# Does any one have a contract sevice agrement



## selzler (Apr 4, 2007)

Hi:
Doe's any one have a embroidery contract service agreement. I'm looking one that is generic possily. I have a guy that wants me to do contract embroidery work for him.


----------



## signsup (Oct 8, 2007)

*Re: Doe's any one have a contract sevice agrement*

try typing on google free invoice it comes up with a sale and service contract.


----------



## Rodney (Nov 3, 2004)

*Re: Doe's any one have a contract sevice agrement*



selzler said:


> Hi:
> Doe's any one have a embroidery contract service agreement. I'm looking one that is generic possily. I have a guy that wants me to do contract embroidery work for him.
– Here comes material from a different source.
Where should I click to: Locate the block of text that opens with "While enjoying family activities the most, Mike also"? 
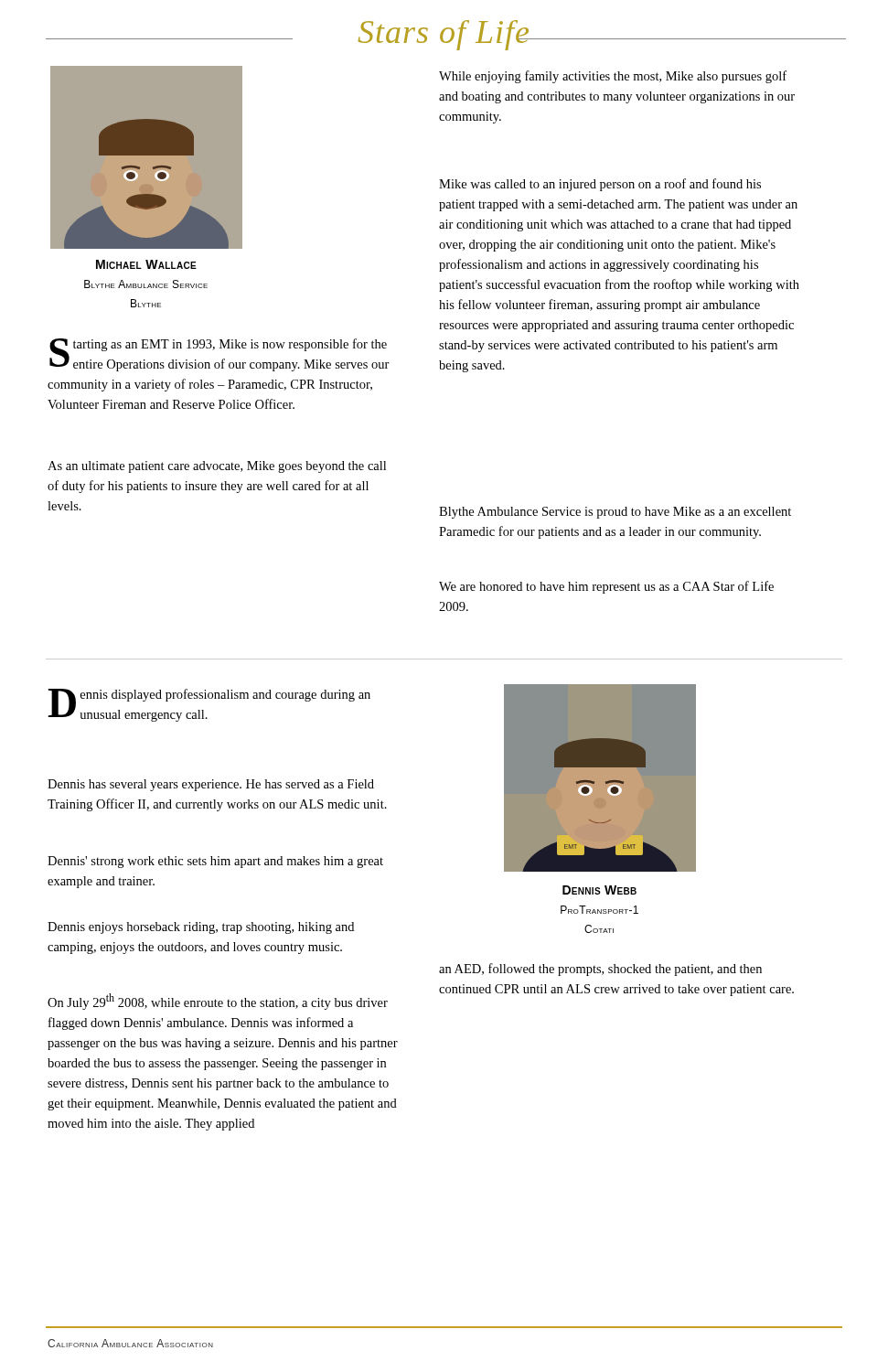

There's a few sample contracts posted here: http://www.t-shirtforums.com/tags/forms/


----------



## Fluid (Jun 20, 2005)

*Re: Doe's any one have a contract sevice agrement*

what exactly are you wanting in the contract. We offer contract printing and embroidery and do not use any contracts,. PO's from our customers are our contracts.


----------



## selzler (Apr 4, 2007)

*Re: Doe's any one have a contract sevice agrement*

I have a customer that wants a contract that would state that the cost of embroidery would get lock in for one year so he would know that his embroidery cost wouldn't go up so he knows his cost so he can set his prices and lock them in for a year. He would supply the garments.


----------



## fdsales (Jul 1, 2007)

*Re: Doe's any one have a contract sevice agrement*

Might also want to address who pays for goods that are damaged in production. Usually its 3% to 5%, which means you would not be responsible to pay for those # of garments that MAY get damaged during embroidery. Hopefully, none will, but needles break, hoops pop loose, and humans still run the machines. We once had a job of 2,000 polo shirts w/ various 1 color school logos. On one set of 500 shirts, the lead machine operator put the correct design, but wrong color thread. Luckly it was lettering only, so got in 3 Peggy's Stitcher erasers, and was able to save all but 30 shirts, which we paid for, even though we had a 3% spoilage agreement, this was not a machine fault, it was a operator error. We all took shirts home in the evengings & had "stitch removing parties" LOL


----------